EXERCISE DATA:
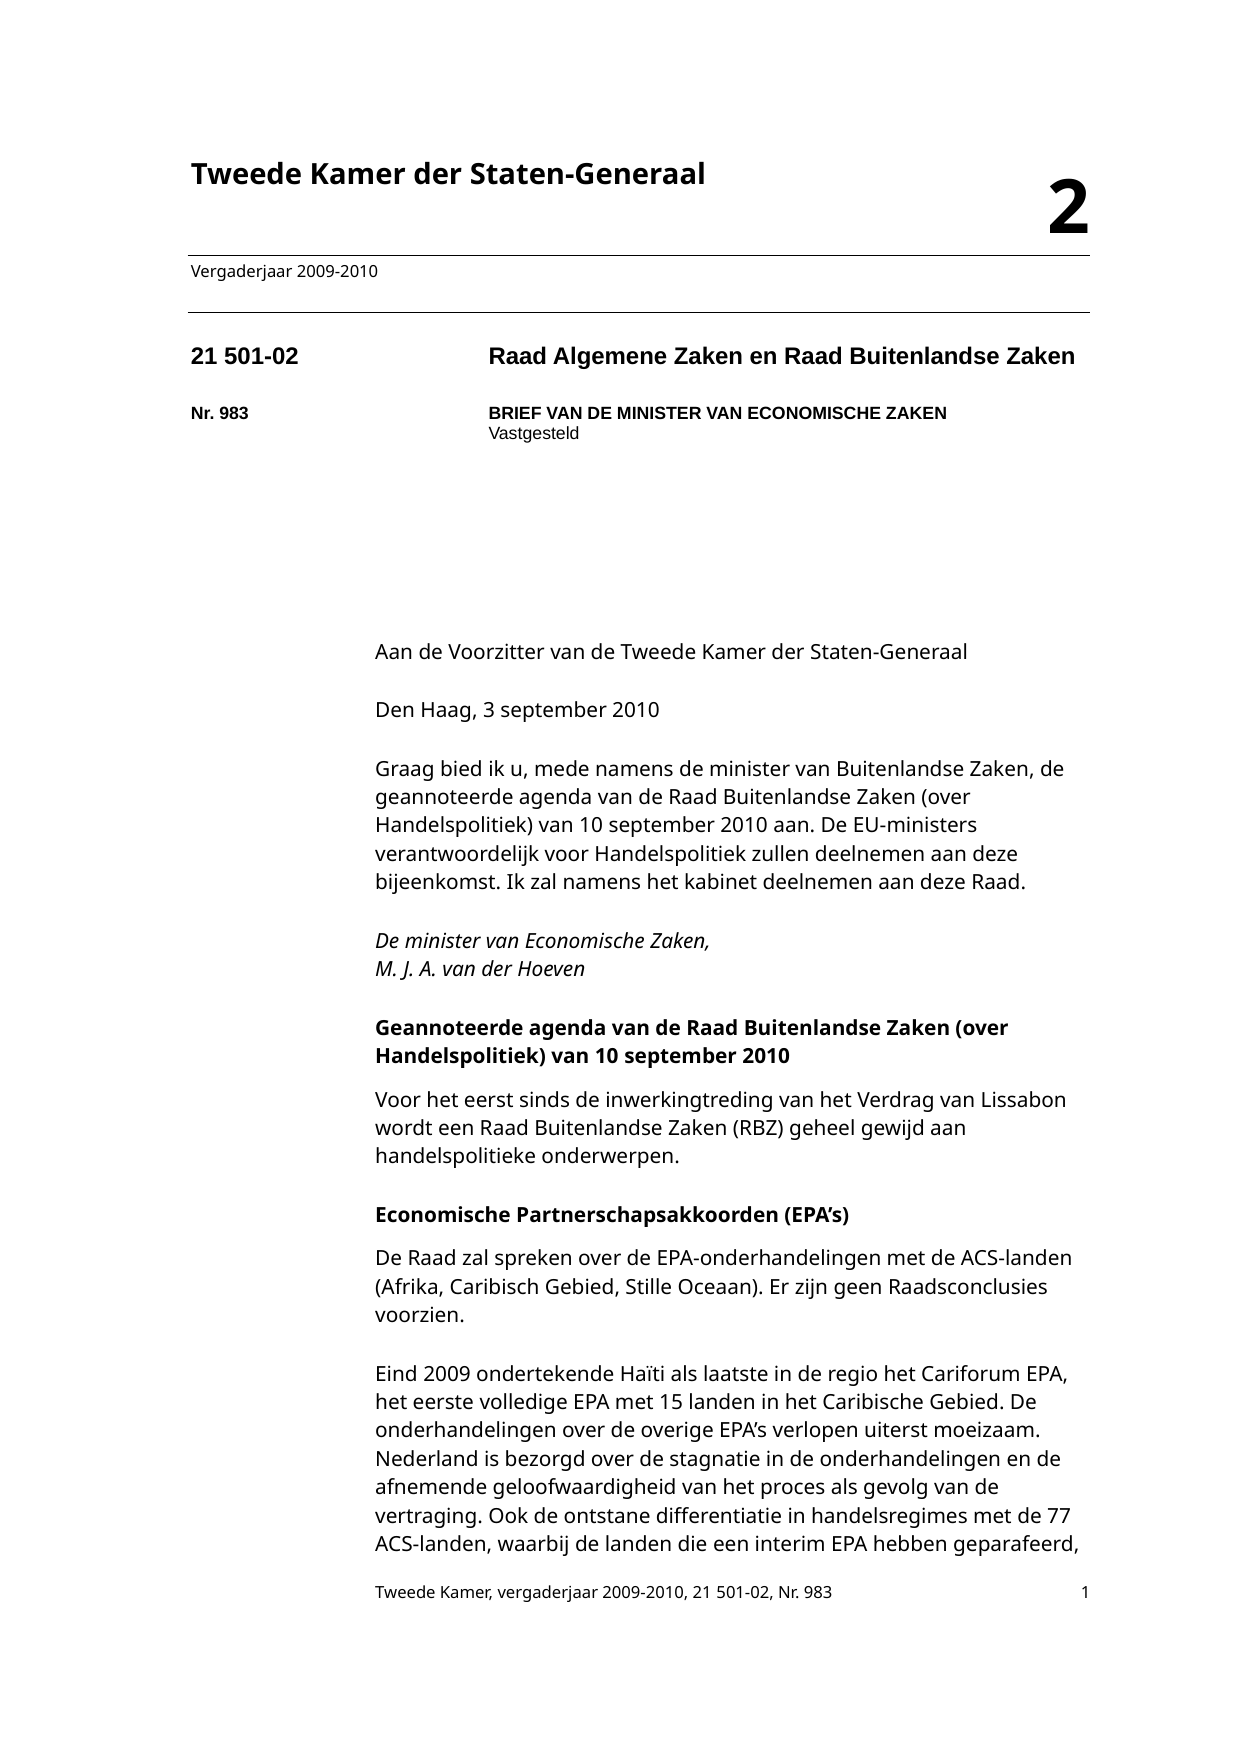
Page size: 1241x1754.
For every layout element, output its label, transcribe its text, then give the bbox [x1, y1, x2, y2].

text Voor het eerst sinds de inwerkingtreding van het Verdrag van Lissabon wordt een Raad Buitenlandse Zaken (RBZ) geheel gewijd aan handelspolitieke onderwerpen. [375, 1085, 1090, 1170]
table_cell Nr. 983 [188, 399, 485, 518]
text Graag bied ik u, mede namens de minister van Buitenlandse Zaken, de geannoteerde agenda van de Raad Buitenlandse Zaken (over Handelspolitiek) van 10 september 2010 aan. De EU-ministers verantwoordelijk voor Handelspolitiek zullen deelnemen aan deze bijeenkomst. Ik zal namens het kabinet deelnemen aan deze Raad. [375, 754, 1090, 896]
text Aan de Voorzitter van de Tweede Kamer der Staten-Generaal [375, 637, 1090, 665]
text De Raad zal spreken over de EPA-onderhandelingen met de ACS-landen (Afrika, Caribisch Gebied, Stille Oceaan). Er zijn geen Raadsconclusies voorzien. [375, 1243, 1090, 1329]
text Den Haag, 3 september 2010 [375, 695, 1090, 724]
text Economische Partnerschapsakkoorden (EPA’s) [375, 1200, 1090, 1228]
table_cell Vergaderjaar 2009-2010 [188, 256, 485, 312]
text Geannoteerde agenda van de Raad Buitenlandse Zaken (over Handelspolitiek) van 10 september 2010 [375, 1013, 1090, 1070]
table_cell Raad Algemene Zaken en Raad Buitenlandse Zaken [485, 339, 1090, 399]
table_cell 21 501-02 [188, 339, 485, 399]
table_cell [188, 313, 485, 339]
text M. J. A. van der Hoeven [375, 954, 1090, 983]
table_header 2 [910, 150, 1090, 255]
text Eind 2009 ondertekende Haïti als laatste in de regio het Cariforum EPA, het eerste volledige EPA met 15 landen in het Caribische Gebied. De onderhandelingen over de overige EPA’s verlopen uiterst moeizaam. [375, 1359, 1090, 1444]
text De minister van Economische Zaken, [375, 926, 1090, 954]
table_cell [485, 256, 1090, 312]
table_cell [485, 313, 1090, 339]
text Nederland is bezorgd over de stagnatie in de onderhandelingen en de afnemende geloofwaardigheid van het proces als gevolg van de vertraging. Ook de ontstane differentiatie in handelsregimes met de 77 ACS-landen, waarbij de landen die een interim EPA hebben geparafeerd, [375, 1444, 1090, 1558]
table_header Tweede Kamer der Staten-Generaal [188, 150, 909, 255]
table_cell BRIEF VAN DE MINISTER VAN ECONOMISCHE ZAKEN Vastgesteld [485, 399, 1090, 518]
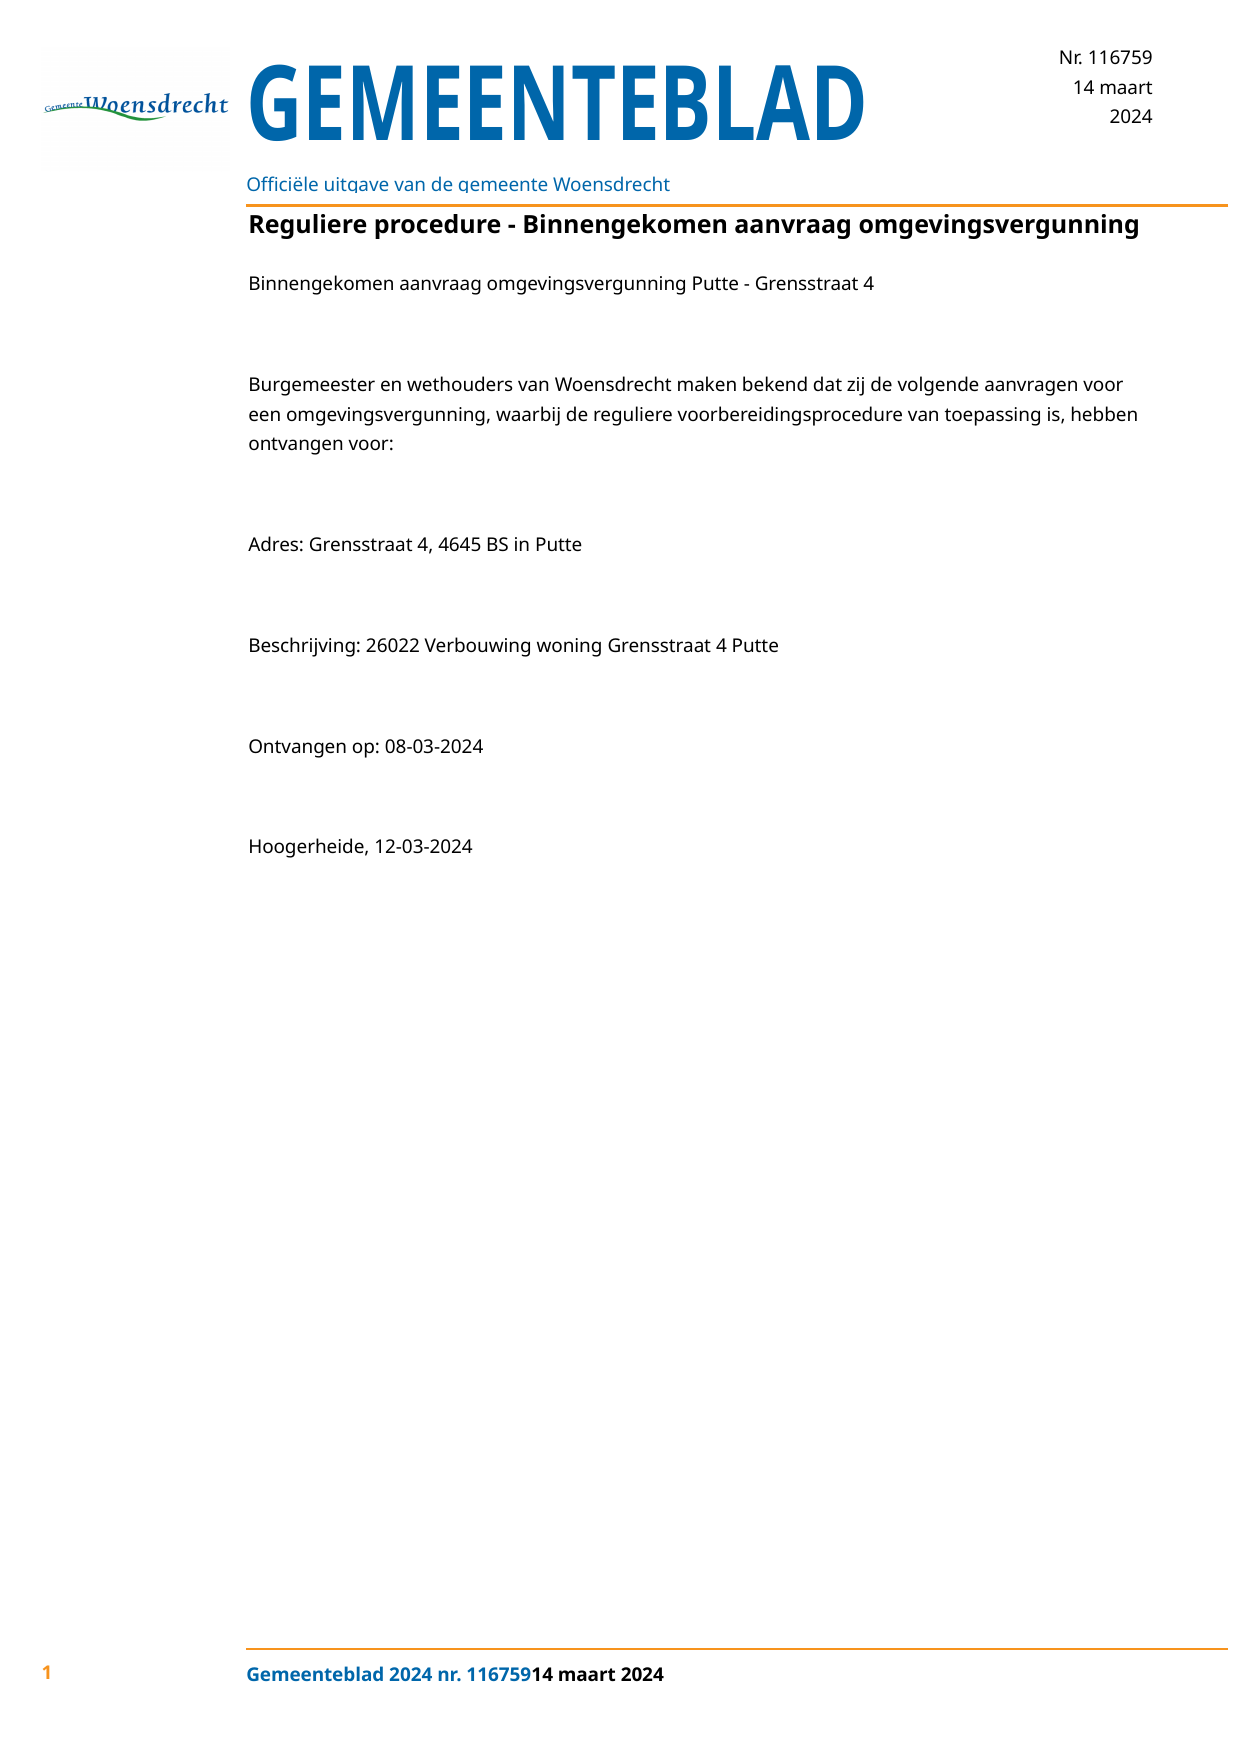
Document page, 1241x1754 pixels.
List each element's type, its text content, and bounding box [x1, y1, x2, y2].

text Hoogerheide, 12-03-2024 [248, 834, 1152, 859]
picture [41, 47, 231, 172]
text Burgemeester en wethouders van Woensdrecht maken bekend dat zij de volgende aanvragen voor een omgevingsvergunning, waarbij de reguliere voorbereidingsprocedure van toepassing is, hebben ontvangen voor: [248, 371, 1152, 456]
text Binnengekomen aanvraag omgevingsvergunning Putte - Grensstraat 4 [248, 270, 1152, 296]
text Adres: Grensstraat 4, 4645 BS in Putte [248, 531, 1152, 557]
text Ontvangen op: 08-03-2024 [248, 733, 1152, 758]
text Beschrijving: 26022 Verbouwing woning Grensstraat 4 Putte [248, 632, 1152, 658]
text Reguliere procedure - Binnengekomen aanvraag omgevingsvergunning [248, 207, 1152, 241]

REQUIREMENT:
Make a copy of each line in the records that has the word "hebben".

TASK RESPONSE:
text Nederland is bezorgd over de stagnatie in de onderhandelingen en de afnemende geloofwaardigheid van het proces als gevolg van de vertraging. Ook de ontstane differentiatie in handelsregimes met de 77 ACS-landen, waarbij de landen die een interim EPA hebben geparafeerd, [375, 1444, 1090, 1558]
text Burgemeester en wethouders van Woensdrecht maken bekend dat zij de volgende aanvragen voor een omgevingsvergunning, waarbij de reguliere voorbereidingsprocedure van toepassing is, hebben ontvangen voor: [248, 371, 1152, 456]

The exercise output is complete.